A critical task in problem-solving is determining what kinds of analysis and corresponding data would best solve the problem. Rather than a shortage of techniques, there are too many to choose from, we can often reflexively use the same few, basic tools out of familiarity and habit. This can mislead when the situation is complex, non-routine, and/or unfamiliar.

This is where a Question Tree comes in handy to determine what analyses and data are suited for a particular problem-solving situation. This tool is also known as a logic tree or a decision tree. Question Trees are structures for seeing the elements of a problem clearly, and keeping track of different levels of the problem, which we can liken to trunks, branches, twigs, and leaves. You can arrange them from left to right, right to left, or top to bottom— whatever makes the elements easier for you to visualize. Think of a Question Tree as a mental model of your problem. Better trees have a clearer and more complete logic of relationships linking the parts to each other, are more comprehensive and have no overlap.

The Question Tree is very powerful when working through broad and complex problems that no single analysis or framework can solve. By developing a set of questions that are connected to one another in the form of a tree we can determine what data analysis is needed, which can help us break out of the habit of using the same analysis tool even when it is a bad one for the job.

The core question is the starting point. It is made easier to solve by decomposing it into a few, more specific sub-questions. The logic of decomposition is such that the answers to these sub-questions should together fully answer the question they emerge from. The first level of sub-questions may still be too broad to solve with specific analyses and data, so each is decomposed further.
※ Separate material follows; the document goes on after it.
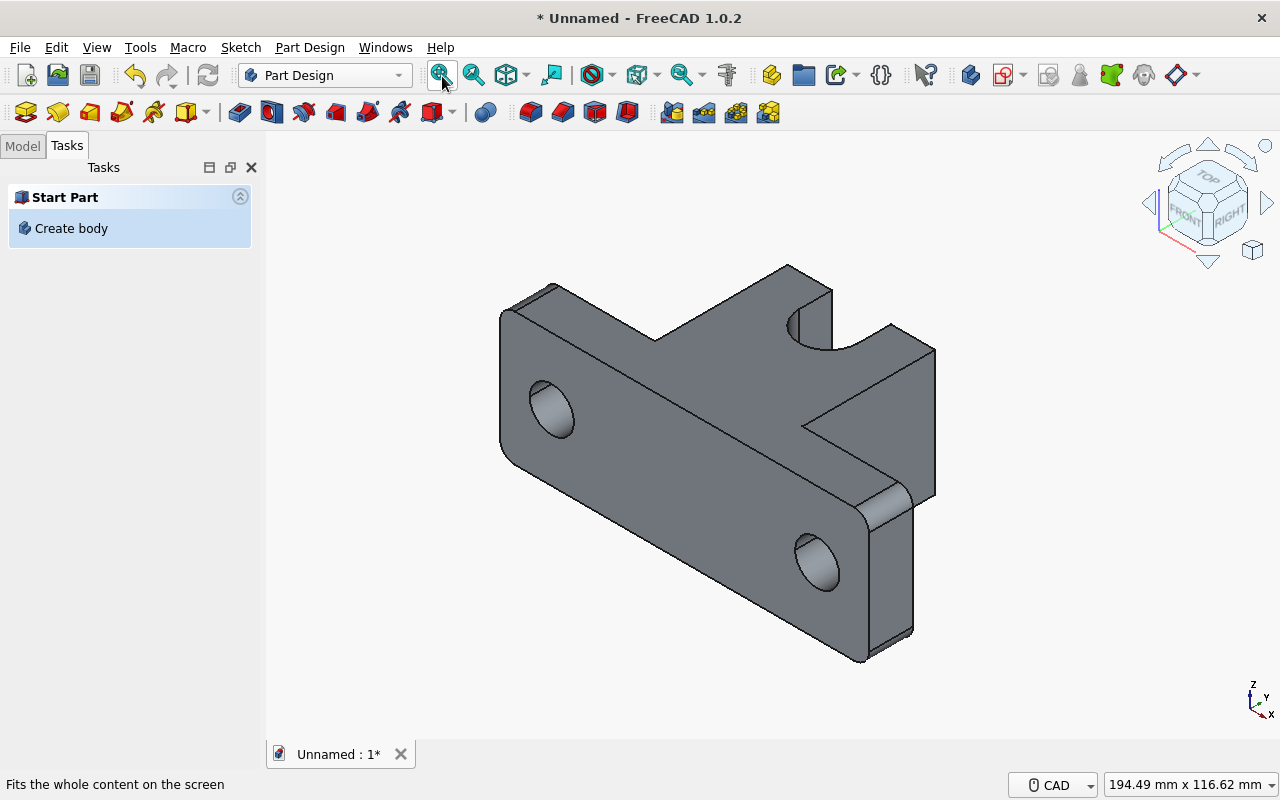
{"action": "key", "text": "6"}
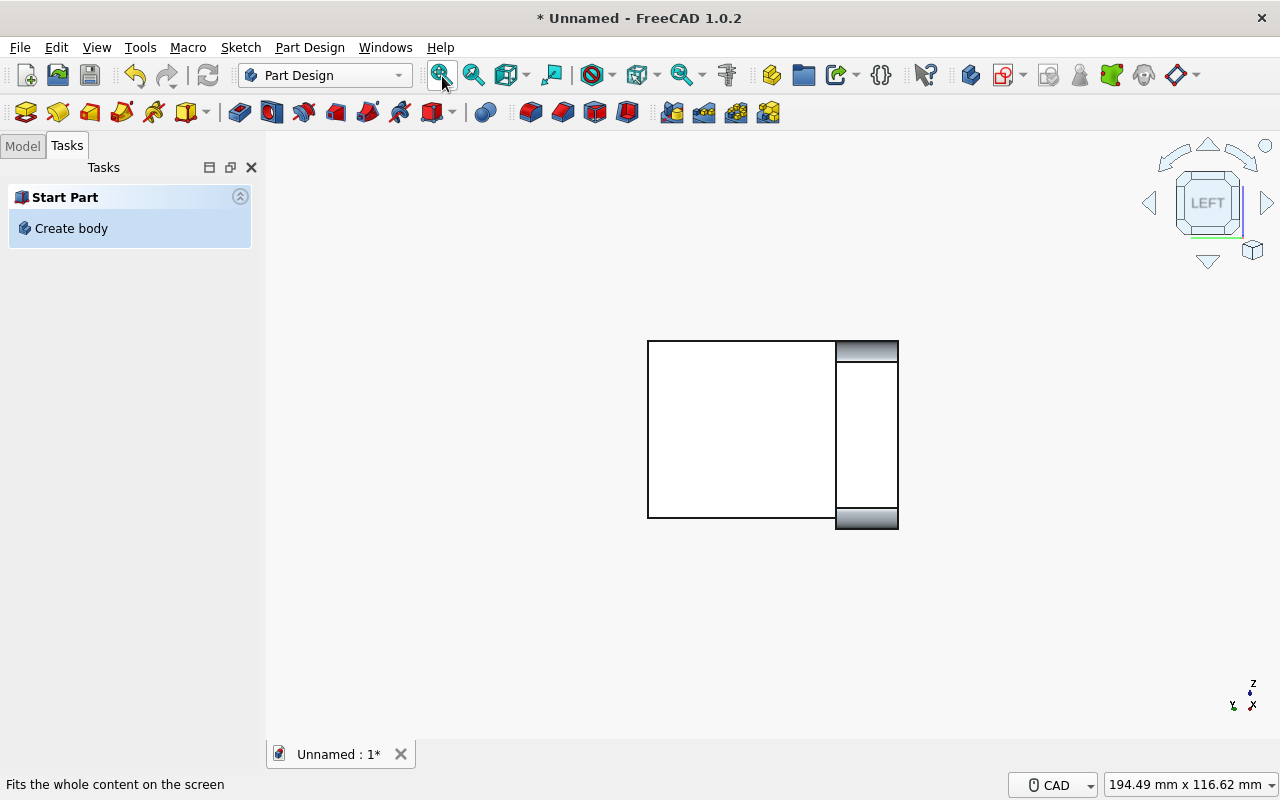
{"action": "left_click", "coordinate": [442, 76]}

The process of decomposition continues until a sub-question is reached that can be answered using a particular technique or framework, and the data needed is specific enough to be identified. A Question Tree is thus constructed, and the final set of questions indicates the analyses and data needed. As much as possible, the questions on the tree are also framed such that they have “yes” or “no” as potential answers.

They, too, are hypotheses to be settled with data, analysis, and evidence. They can also be used to test assumptions and beliefs, evaluate expectations, explore puzzles and oddities, and generate solution options.
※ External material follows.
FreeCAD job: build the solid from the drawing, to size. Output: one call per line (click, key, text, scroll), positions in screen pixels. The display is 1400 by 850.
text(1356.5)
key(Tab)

In decomposing a question, ask whether the sub-questions are mutually exclusive and collectively exhaustive. This can help generate the sub-question not asked, and thus, reduce errors of omission. Building a Question Tree is an iterative and nonlinear process. If later information so dictates, previously done work on the tree should be adjusted.
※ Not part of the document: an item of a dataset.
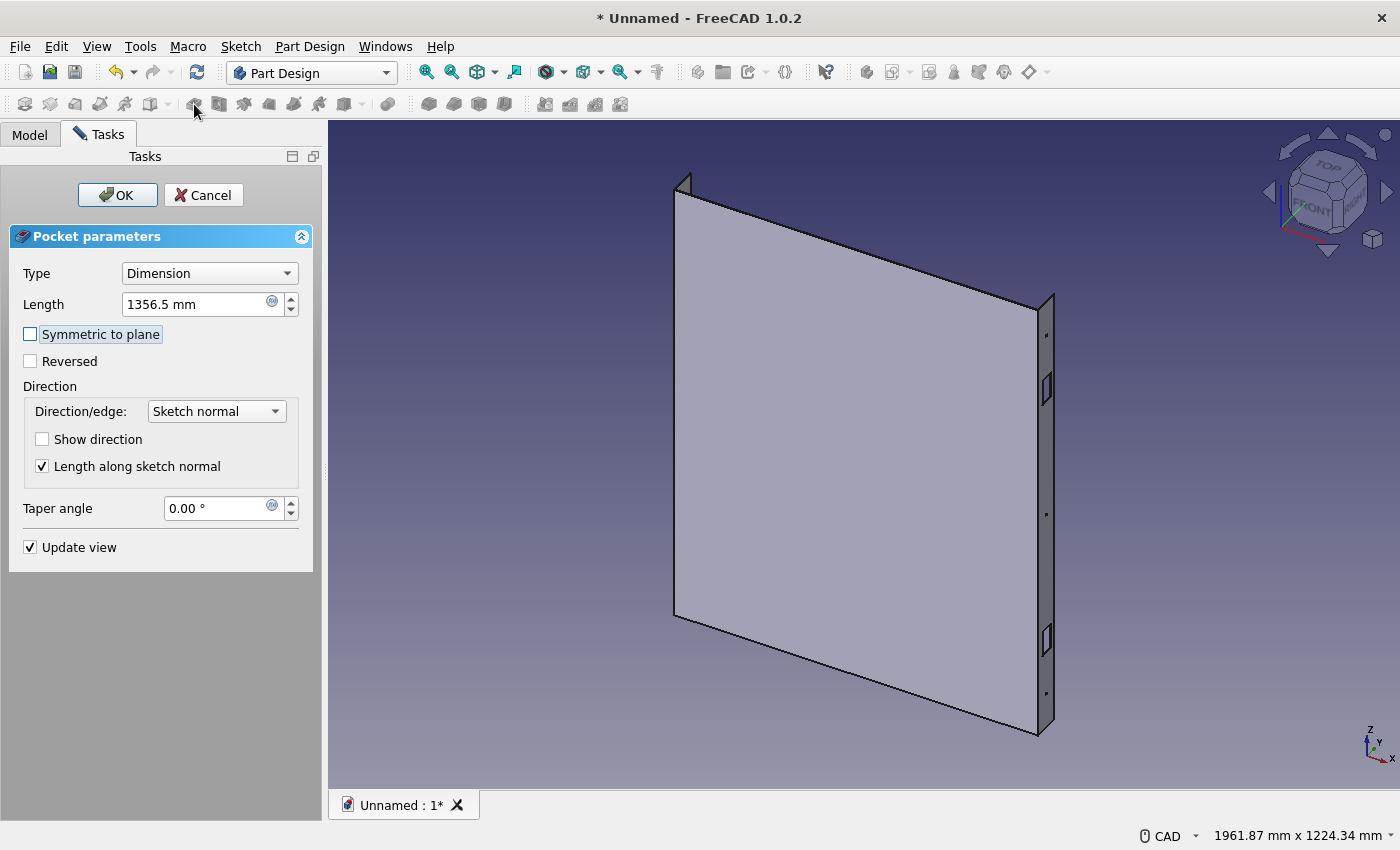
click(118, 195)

Judgment plays a role in building a Question Tree, so it is unlikely that two people working independently on a complex starting question will create identical trees, but these are bound to overlap. Expertise matters and the strength of teams should be leveraged.

Success and Cause Trees

These are variations of the fault tree analysis: a Success Tree where the top event is desired and a Cause Tree used to investigate a past event as part of root cause analysis.